Victims’ rights activists don’t buy the loss-of-control argument. “It’s insulting to men to say they can’t stop,” says Lisae C. Jordan, legislative counsel for the Maryland Coalition Against Sexual Assault. “Any one of us who’s had a toddler walk in on them knows that that’s not true. Or a teenager who’s had a parent walk in–they stop pretty quickly.” Still, even advocates concede it’s hard to set a time frame in which sex must cease after consent is taken back. “I don’t know where that bright line is,” says Scott Berkowitz of the Rape Abuse and Incest National Network. “We’ll leave that to juries to decide what’s reasonable in each case.”

The murkiness surrounding what’s reasonable has deepened further with the Maryland case, which was tried in 2004. The accuser and the defendant agree that after he began to penetrate her and she wanted him to stop, he did so within a matter of seconds and did not climax. Even so, during deliberations, the jury sent a note to the judge asking if it was rape if a female changed her mind during the sex to which she consented and the man continued until climax. The judge said it was for them to decide. They convicted the defendant of first-degree rape, among other sex offenses.
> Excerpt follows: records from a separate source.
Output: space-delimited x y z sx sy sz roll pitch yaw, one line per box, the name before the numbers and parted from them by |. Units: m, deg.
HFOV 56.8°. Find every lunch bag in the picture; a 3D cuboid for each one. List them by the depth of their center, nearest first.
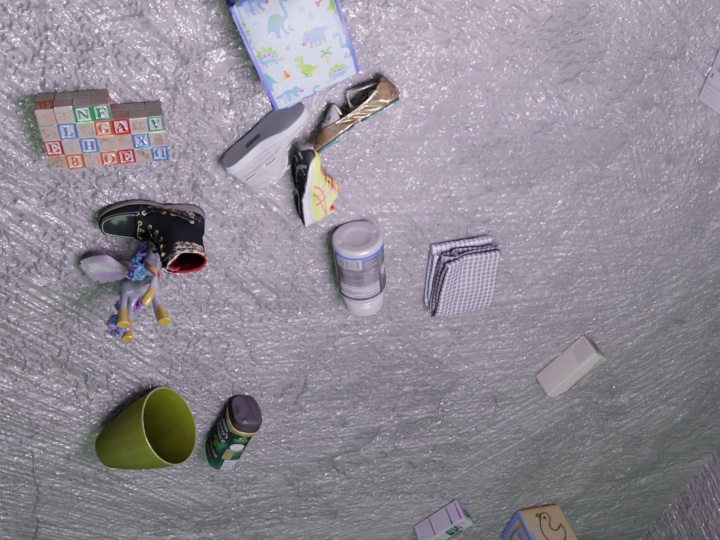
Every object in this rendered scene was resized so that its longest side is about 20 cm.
lunch bag | -0.108 -0.386 1.103 0.169 0.128 0.201 -24 124 0

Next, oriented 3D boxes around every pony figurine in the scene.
pony figurine | -0.448 0.034 1.319 0.192 0.201 0.166 -24 143 22

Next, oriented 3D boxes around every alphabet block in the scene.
alphabet block | 0.716 1.079 2.657 0.198 0.196 0.197 -1 132 -21

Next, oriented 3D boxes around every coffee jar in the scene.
coffee jar | -0.331 0.423 1.739 0.085 0.105 0.201 14 123 -33

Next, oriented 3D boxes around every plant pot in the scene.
plant pot | -0.535 0.403 1.612 0.199 0.188 0.187 -23 136 20

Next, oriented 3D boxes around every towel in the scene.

But the appellate court, citing a 1980 rape ruling based on the English common-law idea of “the initial de-flowering of the woman as the real harm,” unanimously ordered a new trial, essentially stating that how fast was not the issue, nor was whether the accuser had said no during intercourse. In Maryland, rape is determined at the beginning of the sex act, and therefore consent is officially given at that point. The court wrote, “It was the act of penetration that was the essence of the crime of rape; after this initial infringement upon the responsible male’s interest in a woman’s sexual and reproductive functions, any further injury was considered to be less consequential. The damage was done.”
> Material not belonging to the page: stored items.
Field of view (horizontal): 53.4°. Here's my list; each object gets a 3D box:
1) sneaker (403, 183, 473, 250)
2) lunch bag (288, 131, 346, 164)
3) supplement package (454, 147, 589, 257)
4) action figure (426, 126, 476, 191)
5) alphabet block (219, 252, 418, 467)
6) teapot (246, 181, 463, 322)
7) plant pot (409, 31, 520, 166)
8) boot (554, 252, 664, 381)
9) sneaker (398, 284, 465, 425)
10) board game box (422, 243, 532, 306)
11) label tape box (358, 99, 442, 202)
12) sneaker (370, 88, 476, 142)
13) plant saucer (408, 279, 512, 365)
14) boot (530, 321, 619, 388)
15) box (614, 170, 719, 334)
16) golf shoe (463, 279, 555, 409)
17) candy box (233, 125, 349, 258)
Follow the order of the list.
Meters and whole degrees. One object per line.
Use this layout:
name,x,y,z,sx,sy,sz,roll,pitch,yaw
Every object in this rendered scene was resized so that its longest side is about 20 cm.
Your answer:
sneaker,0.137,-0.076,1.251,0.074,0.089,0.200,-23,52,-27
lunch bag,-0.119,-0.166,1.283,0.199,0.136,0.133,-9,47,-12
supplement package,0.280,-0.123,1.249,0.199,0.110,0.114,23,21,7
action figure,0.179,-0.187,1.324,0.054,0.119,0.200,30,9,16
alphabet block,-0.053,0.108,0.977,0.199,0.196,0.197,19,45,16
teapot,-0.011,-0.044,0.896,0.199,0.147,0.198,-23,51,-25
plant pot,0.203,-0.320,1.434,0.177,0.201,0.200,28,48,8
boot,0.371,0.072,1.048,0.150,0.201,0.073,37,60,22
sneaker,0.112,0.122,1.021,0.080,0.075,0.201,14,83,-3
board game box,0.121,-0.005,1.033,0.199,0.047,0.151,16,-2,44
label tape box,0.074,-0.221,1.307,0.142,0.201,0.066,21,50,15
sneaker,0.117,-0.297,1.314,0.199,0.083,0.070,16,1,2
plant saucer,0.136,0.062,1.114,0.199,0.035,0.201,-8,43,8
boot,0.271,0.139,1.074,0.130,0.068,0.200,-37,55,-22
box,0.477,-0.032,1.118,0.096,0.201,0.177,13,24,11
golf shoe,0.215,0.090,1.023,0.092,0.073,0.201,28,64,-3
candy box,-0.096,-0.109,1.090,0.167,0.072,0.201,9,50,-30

This logic has inflamed feminists and editorial-page writers. “The decision is philosophically from another century, from a time when our rape laws were based on the concept of women being property of men,” says Berkowitz, whose organization will push for a legislative remedy if Maryland’s highest court doesn’t reverse the ruling. In the meantime, the defendant is serving a five-year sentence, and the legal world continues to debate how quickly–if at all–a man must go when a woman says no.